도 1을 참조하면, 본 발명의 일 실시예에 따른 경량화 신경망을 이용한 얼굴 인식 장치는 전처리부(100), 특징 추출 네트워크(110) 및 소프트 맥스 네트워크(120)를 포함할 수 있다. Referring to FIG. 1 , a face recognition apparatus using a lightweight neural network according to an embodiment of the present invention may include a preprocessor 100 , a feature extraction network 110 , and a soft max network 120 .

본 발명의 얼굴 인식 장치는 얼굴이 포함된 인물 영상 또는 사진을 입력받은 후 입력된 사진이 미리 저장하고 있는 레퍼런스 인물 중 어떠한 인물에 해당되는지를 판단하기 위한 기술이다. 예를 들어, 특정 장소에 출입이 가능한 200명의 레퍼런스 인물이 존재하고, 특정 사람이 출입할 경우, 출입하는 사람의 영상을 포착한 후 어떠한 레퍼런스 인물에 해당되는지를 판단하는 기술이다. The face recognition apparatus of the present invention is a technology for receiving an image or photo of a person including a face and then determining whether the input photo corresponds to a reference person among pre-stored reference persons. For example, there are 200 reference people who can enter and exit a specific place, and when a specific person enters, it captures an image of the person entering and exits and determines which reference person they belong to.

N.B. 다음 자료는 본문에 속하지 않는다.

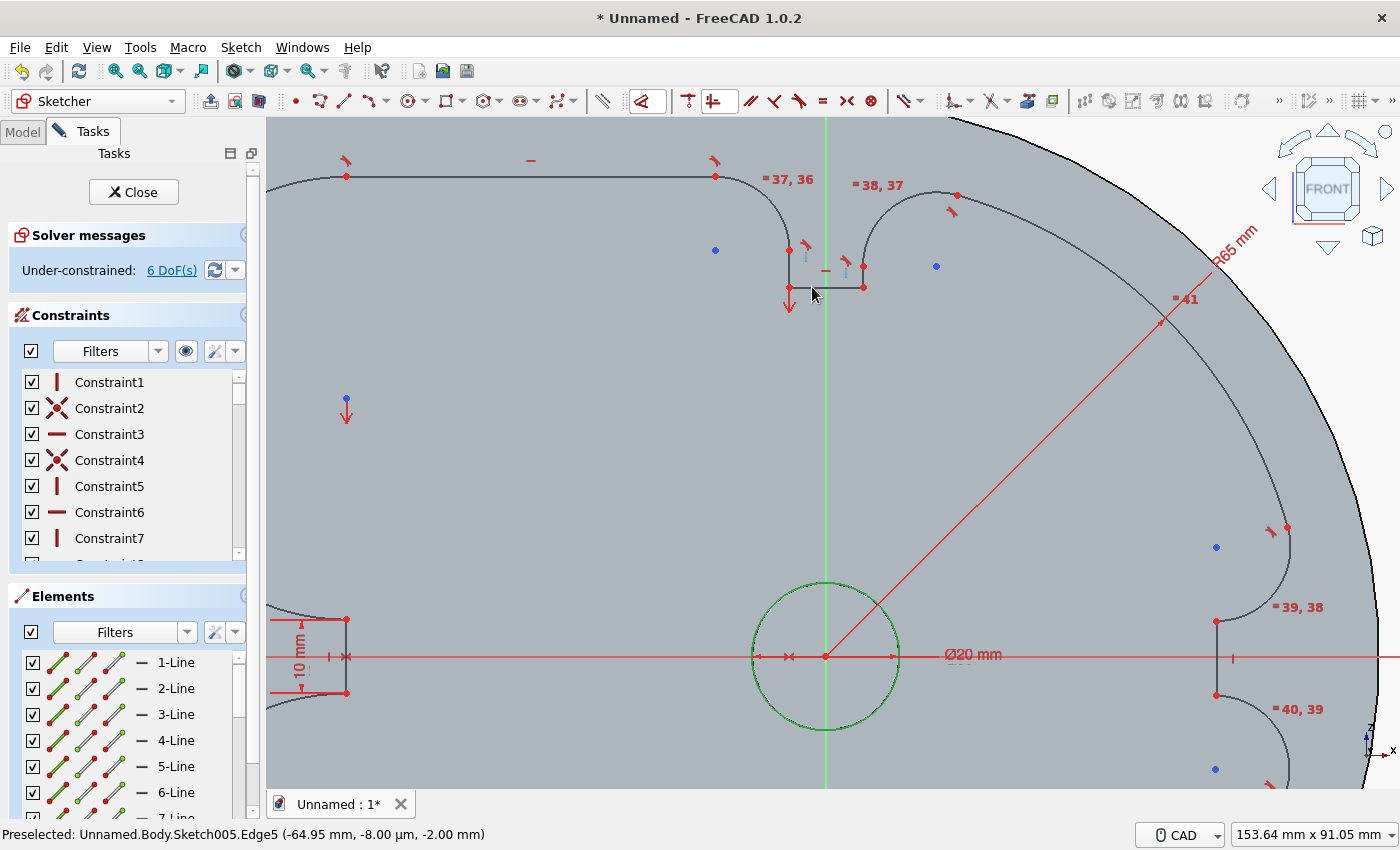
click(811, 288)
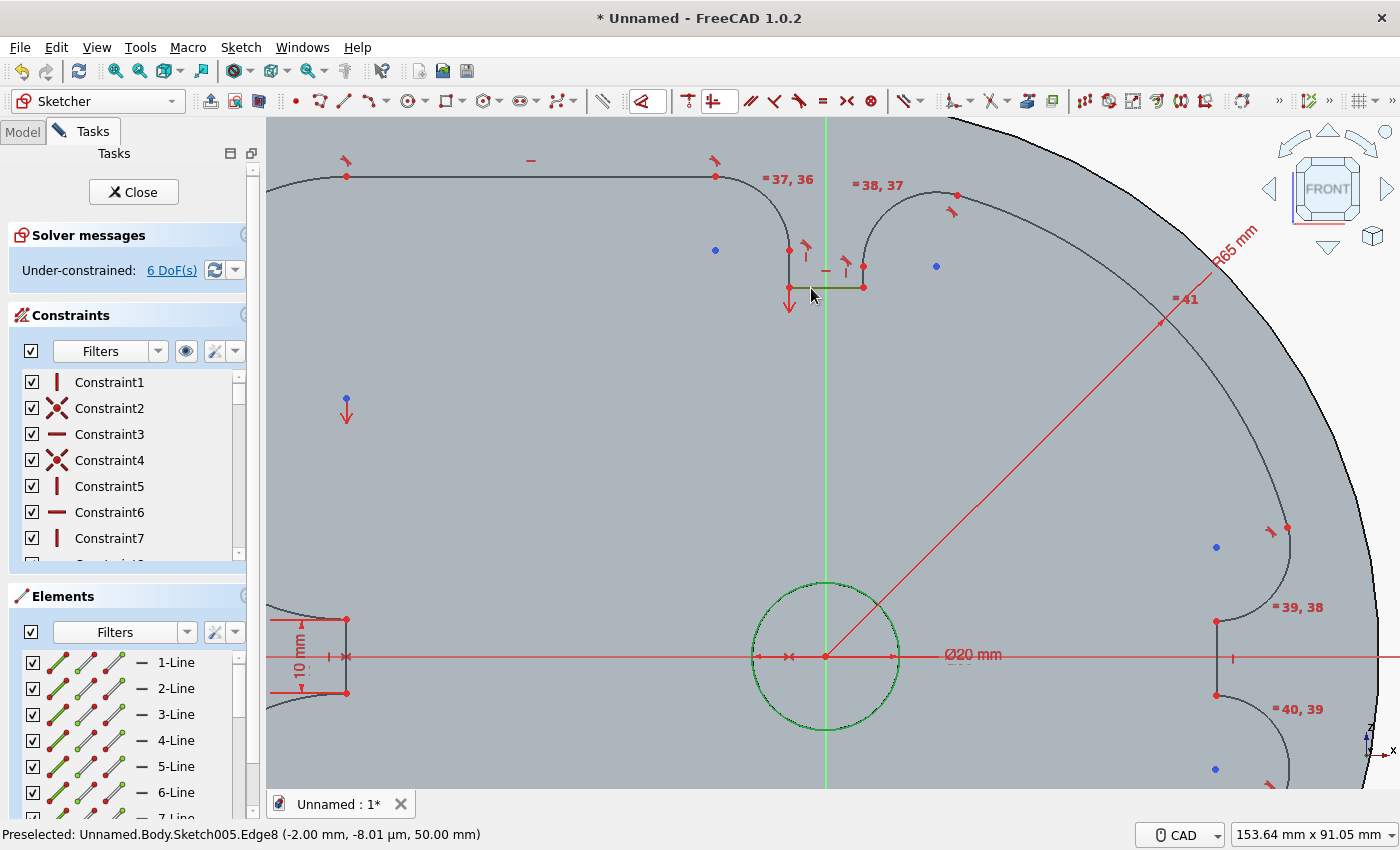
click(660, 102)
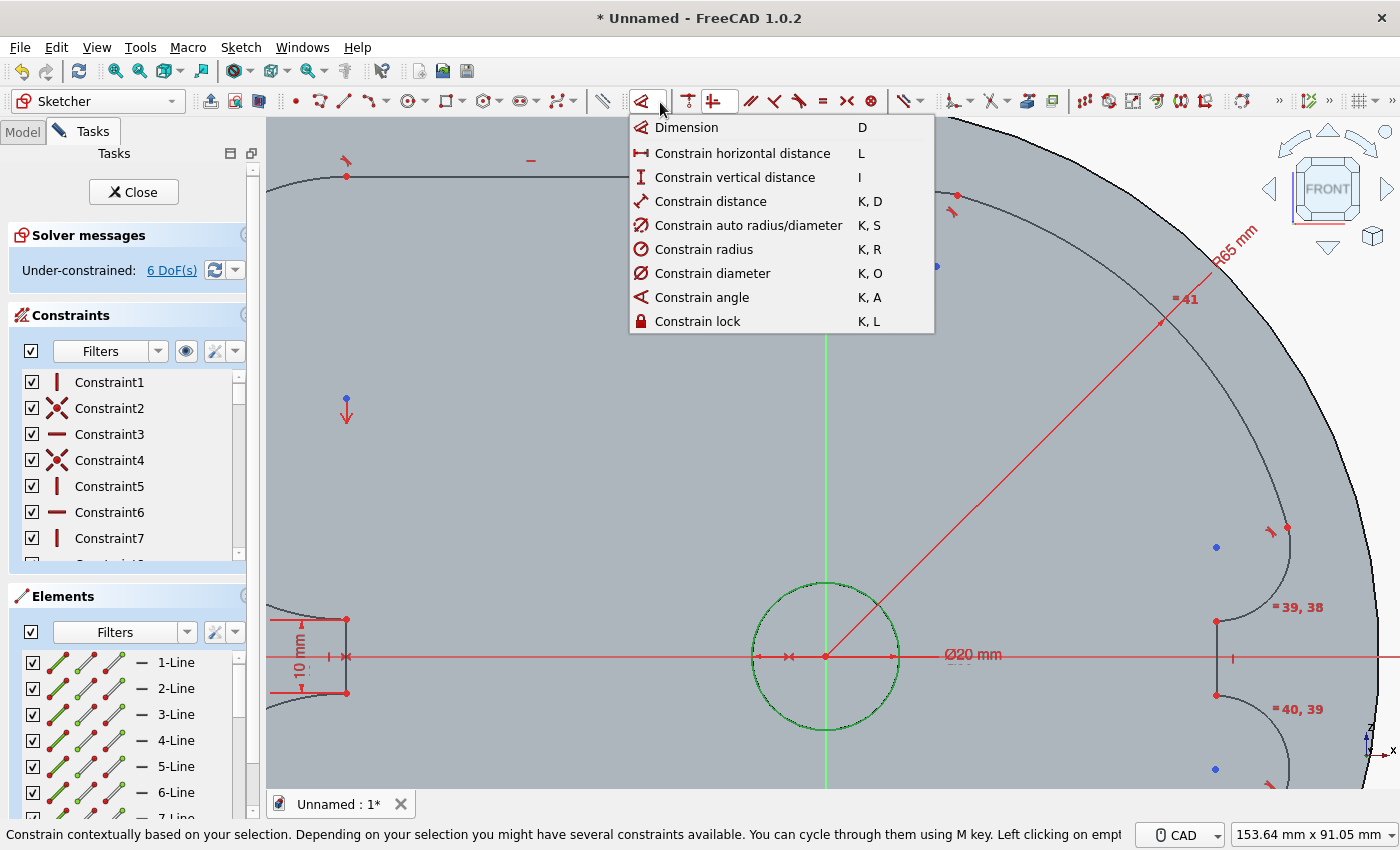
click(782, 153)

전처리부(100)는 입력되는 사진 또는 영상으로부터 얼굴 영역을 검출하는 기능을 한다. 획득되는 사진 또는 영상에는 얼굴 이외에도 배경 또는 사물과 같은 얼굴 인식에 있어 노이즈에 해당되는 객체들이 존재한다. The preprocessor 100 functions to detect a face region from an input photo or image. In the acquired photo or image, there are objects corresponding to noise in face recognition, such as a background or an object, in addition to a face.

전처리부(100)는 입력되는 사진 또는 영상으로부터 얼굴 영역만을 검출하고 나머지 객체들의 영역은 제거하는 기능을 한다. The preprocessor 100 functions to detect only the face region from the input photo or image and remove the remaining object regions.

특징 추출 네트워크(110)는 전처리부에서 출력되는 얼굴 영상으로부터 특징맵을 추출한다. 신경망 네트워크를 이용한 특징 추출은 널리 알려진 기술이나, 기존의 알려진 네트워크는 특징맵 생성을 위해 복잡한 연산량을 요구한다. The feature extraction network 110 extracts a feature map from the face image output from the preprocessor. Feature extraction using a neural network is a well-known technique, but the known network requires a complex amount of computation to generate a feature map.

일반적인 신경망에서는 콘볼루션 커널을 입력 영상에 적용하여 콘볼루션 연산을 통해 특징맵을 생성하며, 이때, 콘볼루션 연산은 3 X 3 콘볼루션 커널과 같이 큰 사이즈의 콘볼루션 커널을 사용하며, 다단의 스테이지를 걸쳐 출력되는 특징맵 역시 매우 많은 채널값을 포함하고 있어서 상당한 연산 복잡도가 요구되며, 이는 실시간으로 얼굴을 감지하는데 있어 가장 큰 장애 요인으로 작용한다. In a general neural network, a convolution kernel is applied to an input image and a feature map is generated through a convolution operation. At this time, the convolution operation uses a large-sized convolution kernel such as a 3 X 3 convolution kernel, and a multi-stage stage Since the feature map outputted over , also includes a very large number of channel values, considerable computational complexity is required, which acts as the biggest obstacle in real-time face detection.

본 발명의 특징 추출 네트워크(110)는 연산 복잡도를 감소시켜 실시간 검출을 가능하도록 하기 위한 구조를 가지고 있으며, 도 2 내지 도 4를 참조하여 본 발명의 특징 추출 네트워크의 구조를 설명하도록 한다. The feature extraction network 110 of the present invention has a structure for enabling real-time detection by reducing computational complexity, and the structure of the feature extraction network of the present invention will be described with reference to FIGS. 2 to 4 .

도 2는 본 발명의 일 실시예에 따른 특징 추출 네트워크의 구조를 나타낸 도면이다. 2 is a diagram showing the structure of a feature extraction network according to an embodiment of the present invention.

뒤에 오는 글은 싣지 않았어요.